Fino al 1941, lo Schouwburg fu il teatro principale della città, situato nel Plantagebuurt, il cuore
del vecchio quartiere ebraico di Amsterdam. Nell'ottobre 1941, i nazisti che avevano occupato
l’Olanda, cambiarono il suo nome in Joodsche Schouwburg (Teatro Ebreo) per soli attori, musicisti e
spettatori israeliti. Nel settembre del 1942 il teatro fu chiuso e trasformato in un luogo per raggruppare
gli ebrei. 104.000 uomini, donne e bambini vi vennero ammassati, e da lì avviati ai campi di sterminio
della Germania e della Polonia.
Il teatro Schouwburg, da centro di cultura e divertimento, divenne un cupo luogo di angoscia e
dolore. Dopo la guerra quello spazio non poteva riprendere la sua funzione originale e restò chiuso per
anni. Fu scelto per diventare un luogo della memoria. Oggi, entrando nell'ex teatro, vediamo bruciare
una fiamma eterna.
Con questa immagine d’una fiamma di pura memoria, che brucia senza fumo di parole e senza
corpo, potrei chiudere questo discorso.
Concluderò, invece, con un brindisi.immaginario. Come si usa a teatro, quando si ricorre al mimo
al posto degli oggetti materiali.
Immaginate che qui, su questo tavolo accademico, ci sia una bottiglia di birra. E torniamo sulle
rive del Tamigi, in una delle nostre antiche patrie teatrali.

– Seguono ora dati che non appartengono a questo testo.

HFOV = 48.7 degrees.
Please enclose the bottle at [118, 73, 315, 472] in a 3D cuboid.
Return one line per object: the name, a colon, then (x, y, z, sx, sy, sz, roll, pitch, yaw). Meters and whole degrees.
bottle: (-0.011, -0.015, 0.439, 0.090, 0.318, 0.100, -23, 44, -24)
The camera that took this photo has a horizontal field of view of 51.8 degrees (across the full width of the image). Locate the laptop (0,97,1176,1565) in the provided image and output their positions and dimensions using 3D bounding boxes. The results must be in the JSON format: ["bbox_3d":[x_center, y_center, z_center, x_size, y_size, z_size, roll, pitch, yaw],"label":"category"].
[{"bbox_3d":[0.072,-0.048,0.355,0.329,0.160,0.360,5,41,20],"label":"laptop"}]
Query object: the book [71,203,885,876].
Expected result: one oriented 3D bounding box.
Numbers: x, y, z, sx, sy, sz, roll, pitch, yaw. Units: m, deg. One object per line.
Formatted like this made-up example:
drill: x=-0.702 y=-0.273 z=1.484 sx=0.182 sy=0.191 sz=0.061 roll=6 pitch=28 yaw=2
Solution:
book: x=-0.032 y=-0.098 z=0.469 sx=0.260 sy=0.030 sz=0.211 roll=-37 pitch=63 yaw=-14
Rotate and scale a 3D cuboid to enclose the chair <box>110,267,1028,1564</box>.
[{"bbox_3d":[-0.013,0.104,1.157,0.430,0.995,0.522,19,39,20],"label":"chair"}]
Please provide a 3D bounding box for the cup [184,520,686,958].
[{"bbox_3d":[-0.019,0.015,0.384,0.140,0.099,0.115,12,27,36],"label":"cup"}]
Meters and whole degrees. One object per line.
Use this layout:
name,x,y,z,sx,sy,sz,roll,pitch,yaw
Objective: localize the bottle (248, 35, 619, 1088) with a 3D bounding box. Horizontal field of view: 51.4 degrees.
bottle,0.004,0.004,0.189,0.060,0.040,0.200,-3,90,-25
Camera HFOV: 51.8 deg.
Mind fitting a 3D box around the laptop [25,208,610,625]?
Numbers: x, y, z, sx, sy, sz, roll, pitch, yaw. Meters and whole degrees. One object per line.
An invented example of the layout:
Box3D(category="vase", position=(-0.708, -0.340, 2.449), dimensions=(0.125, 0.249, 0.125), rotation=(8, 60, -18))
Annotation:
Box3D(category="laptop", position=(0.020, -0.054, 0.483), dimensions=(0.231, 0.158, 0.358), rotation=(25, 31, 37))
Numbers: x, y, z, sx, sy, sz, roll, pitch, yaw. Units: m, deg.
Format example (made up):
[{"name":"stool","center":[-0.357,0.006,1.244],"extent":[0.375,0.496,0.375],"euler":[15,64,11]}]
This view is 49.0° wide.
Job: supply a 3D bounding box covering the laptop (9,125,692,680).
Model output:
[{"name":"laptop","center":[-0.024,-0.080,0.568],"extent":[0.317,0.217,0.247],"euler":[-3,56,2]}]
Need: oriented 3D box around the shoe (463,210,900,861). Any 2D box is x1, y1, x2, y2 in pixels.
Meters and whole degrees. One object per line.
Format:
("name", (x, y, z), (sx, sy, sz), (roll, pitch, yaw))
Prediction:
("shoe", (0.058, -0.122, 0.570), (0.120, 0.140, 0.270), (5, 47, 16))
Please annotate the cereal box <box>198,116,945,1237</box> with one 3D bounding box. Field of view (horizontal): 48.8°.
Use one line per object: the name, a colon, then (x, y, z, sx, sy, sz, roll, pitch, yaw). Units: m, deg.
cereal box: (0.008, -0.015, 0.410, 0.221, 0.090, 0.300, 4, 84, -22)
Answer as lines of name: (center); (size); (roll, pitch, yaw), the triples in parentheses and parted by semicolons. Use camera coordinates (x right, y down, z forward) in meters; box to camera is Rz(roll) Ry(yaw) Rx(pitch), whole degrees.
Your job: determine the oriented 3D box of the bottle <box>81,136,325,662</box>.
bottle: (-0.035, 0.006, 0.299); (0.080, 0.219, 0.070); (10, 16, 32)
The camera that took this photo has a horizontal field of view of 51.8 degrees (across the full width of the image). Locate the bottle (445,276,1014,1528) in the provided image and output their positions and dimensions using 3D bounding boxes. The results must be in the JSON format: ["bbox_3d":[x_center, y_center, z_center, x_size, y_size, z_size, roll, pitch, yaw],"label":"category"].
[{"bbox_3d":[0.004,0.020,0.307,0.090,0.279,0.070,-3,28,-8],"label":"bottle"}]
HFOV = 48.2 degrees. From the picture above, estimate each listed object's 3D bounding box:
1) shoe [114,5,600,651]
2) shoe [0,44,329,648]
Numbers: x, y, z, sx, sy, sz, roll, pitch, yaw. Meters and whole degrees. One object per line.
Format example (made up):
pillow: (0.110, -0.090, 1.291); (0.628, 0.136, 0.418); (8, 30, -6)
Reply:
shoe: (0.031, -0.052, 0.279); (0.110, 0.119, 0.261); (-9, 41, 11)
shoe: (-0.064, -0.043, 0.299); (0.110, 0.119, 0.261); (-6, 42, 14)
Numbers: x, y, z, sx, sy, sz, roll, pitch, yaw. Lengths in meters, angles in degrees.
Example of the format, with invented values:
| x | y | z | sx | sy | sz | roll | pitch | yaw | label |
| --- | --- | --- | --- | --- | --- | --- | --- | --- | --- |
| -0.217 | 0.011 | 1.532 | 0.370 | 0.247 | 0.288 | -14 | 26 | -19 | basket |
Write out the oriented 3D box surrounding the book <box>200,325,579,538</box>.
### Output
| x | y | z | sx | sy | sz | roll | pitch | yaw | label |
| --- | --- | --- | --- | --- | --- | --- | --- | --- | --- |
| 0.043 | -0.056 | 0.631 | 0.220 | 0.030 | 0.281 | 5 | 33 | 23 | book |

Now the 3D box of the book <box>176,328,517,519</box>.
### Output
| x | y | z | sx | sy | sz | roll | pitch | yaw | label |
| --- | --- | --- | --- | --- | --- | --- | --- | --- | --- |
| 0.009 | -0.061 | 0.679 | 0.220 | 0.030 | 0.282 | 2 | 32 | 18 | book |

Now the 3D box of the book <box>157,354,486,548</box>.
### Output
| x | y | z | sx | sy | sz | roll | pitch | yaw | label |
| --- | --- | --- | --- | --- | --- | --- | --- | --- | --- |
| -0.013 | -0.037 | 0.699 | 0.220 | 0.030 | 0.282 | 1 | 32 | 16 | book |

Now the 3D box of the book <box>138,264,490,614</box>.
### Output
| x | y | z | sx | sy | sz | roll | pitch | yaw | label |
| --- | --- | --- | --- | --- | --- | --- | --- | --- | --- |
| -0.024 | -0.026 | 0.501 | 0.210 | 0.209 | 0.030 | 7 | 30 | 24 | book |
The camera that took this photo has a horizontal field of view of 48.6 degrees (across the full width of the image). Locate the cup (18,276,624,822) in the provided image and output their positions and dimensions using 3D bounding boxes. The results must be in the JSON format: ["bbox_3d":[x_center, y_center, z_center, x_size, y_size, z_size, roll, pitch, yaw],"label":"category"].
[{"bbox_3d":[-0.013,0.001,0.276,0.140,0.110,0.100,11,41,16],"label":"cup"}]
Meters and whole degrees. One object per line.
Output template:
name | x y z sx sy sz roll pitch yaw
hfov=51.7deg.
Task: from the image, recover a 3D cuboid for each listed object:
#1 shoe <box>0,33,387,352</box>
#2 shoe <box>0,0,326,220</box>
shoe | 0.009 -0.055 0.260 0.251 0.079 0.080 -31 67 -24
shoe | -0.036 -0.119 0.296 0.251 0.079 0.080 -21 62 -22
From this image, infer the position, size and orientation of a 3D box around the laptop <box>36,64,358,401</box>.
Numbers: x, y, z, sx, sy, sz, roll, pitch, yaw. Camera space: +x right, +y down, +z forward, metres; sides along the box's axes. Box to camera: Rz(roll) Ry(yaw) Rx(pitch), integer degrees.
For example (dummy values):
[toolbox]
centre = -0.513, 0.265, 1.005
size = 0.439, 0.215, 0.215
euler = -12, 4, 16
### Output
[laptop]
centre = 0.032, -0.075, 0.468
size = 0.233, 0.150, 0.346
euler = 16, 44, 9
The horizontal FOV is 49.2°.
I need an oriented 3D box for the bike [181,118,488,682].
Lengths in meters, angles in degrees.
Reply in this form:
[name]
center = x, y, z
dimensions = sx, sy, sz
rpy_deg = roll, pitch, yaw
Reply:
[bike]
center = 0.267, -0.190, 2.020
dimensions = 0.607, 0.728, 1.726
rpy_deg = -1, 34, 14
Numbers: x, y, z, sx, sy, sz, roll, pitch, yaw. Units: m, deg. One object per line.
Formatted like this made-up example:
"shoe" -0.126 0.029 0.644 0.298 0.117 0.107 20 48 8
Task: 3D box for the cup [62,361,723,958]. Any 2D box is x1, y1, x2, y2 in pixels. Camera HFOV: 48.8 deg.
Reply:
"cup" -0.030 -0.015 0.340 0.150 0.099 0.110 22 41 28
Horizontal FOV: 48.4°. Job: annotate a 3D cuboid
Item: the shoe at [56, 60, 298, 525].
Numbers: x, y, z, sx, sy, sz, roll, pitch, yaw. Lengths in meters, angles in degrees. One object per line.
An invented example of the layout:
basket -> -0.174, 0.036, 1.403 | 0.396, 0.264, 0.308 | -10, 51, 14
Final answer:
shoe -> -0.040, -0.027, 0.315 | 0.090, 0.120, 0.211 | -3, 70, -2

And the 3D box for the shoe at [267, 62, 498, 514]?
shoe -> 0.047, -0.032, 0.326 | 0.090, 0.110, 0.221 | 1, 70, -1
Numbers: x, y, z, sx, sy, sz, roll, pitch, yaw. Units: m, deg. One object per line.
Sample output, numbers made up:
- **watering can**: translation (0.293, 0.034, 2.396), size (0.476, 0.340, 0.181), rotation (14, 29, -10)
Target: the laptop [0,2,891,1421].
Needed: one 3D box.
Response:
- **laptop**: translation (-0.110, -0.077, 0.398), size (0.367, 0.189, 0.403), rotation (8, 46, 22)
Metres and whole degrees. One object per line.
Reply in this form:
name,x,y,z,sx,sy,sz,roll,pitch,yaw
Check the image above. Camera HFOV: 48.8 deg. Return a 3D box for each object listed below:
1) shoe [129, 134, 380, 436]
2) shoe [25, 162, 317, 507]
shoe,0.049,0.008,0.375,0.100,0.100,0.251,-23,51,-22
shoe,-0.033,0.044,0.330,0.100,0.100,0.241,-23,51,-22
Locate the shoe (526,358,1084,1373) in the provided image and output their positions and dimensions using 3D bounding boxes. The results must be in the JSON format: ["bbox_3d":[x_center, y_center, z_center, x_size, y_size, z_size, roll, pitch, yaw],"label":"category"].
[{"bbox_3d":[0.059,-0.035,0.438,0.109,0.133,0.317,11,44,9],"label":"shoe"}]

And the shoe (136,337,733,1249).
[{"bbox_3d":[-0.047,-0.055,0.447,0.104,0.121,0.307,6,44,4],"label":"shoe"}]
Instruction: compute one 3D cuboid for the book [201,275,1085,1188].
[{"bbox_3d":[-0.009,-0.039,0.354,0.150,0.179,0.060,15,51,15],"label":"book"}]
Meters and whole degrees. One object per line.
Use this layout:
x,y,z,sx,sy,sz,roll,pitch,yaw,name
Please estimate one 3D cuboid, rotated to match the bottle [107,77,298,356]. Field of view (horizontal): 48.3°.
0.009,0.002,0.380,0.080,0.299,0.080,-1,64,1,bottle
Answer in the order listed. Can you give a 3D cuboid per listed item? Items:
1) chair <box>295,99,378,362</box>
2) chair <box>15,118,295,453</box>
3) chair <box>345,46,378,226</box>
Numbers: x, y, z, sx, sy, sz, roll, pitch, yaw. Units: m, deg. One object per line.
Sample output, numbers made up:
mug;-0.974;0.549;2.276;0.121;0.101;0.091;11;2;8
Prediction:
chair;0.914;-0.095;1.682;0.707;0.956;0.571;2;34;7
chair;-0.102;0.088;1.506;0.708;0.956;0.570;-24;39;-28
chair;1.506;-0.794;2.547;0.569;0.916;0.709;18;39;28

Troviamo la notizia del primo incendio nella storia del teatro europeo in una lettera del nobile
inglese Sir Henry Watton, datata 2 luglio 1613 e inviata a Sir Henry Bacon. Comincia così: “Ed ora
lasciamo riposare i discorsi politici e dello Stato. Mettiamoli a dormire. Ora vi voglio raccontare
qualcosa che in questa settimana è accaduta nella zona del Tamigi”.
Sir Watton riferisce che gli “Attori del Re”, la compagnia di Shakespeare, hanno messo in scena
un suo dramma intitolato All Is True. L’allestimento era suntuoso, con stuoie e tappeti sul palcoscenico,
una festa più ricca e maestosa delle vere cerimonie di corte. Durante lo spettacolo vennero sparate vere
salve di cannone e alcune scintille, volate fra la paglia del tetto, consumarono l’intero teatro in meno di
un’ora. Così spari il Globe: senza morti e senza feriti.
Il teatro, immediatamente riedificato con un tetto di tegole, fu riaperto un anno più tardi. Nel 1642
i Puritani, nel loro ardore religioso, chiusero tutti i teatri incluso il Globe che fu dimenticato anche
come forma di edificio teatrale: gli inglesi, alla riapertura dei teatri adottarono il teatro all'italiana.
Passarono più di tre secoli e il Globe Theatre, uno dei nostri miti, risuscitò. Resti del suo edificio
furono scoperti nel 1989 sulle rive del Tamigi e, su ispirazione di un attore e regista americano, Sam
Wanamaker, un nuovo Globe fu ricostruito nel 1997 uguale all'antico modello elisabettiano e vicino al
luogo in cui sorgeva l'originale.
Sapeva bene, Sir Watton, che ogni dramma deve chiudersi con il respiro leggero d’una farsa, e
concluse così la sua lettera a Sir Henry Bacon: “Soltanto uno degli spettatori rischiò la morte. Gli si
incendiarono le braghe e sarebbe forse finito arrostito se un allegrone mezzo ubriaco non l’avesse
spento versandogli addosso una bottiglia di birra”.
Fra tanti incendi, non sarebbe opportuno augurare anche a noi una buona birra?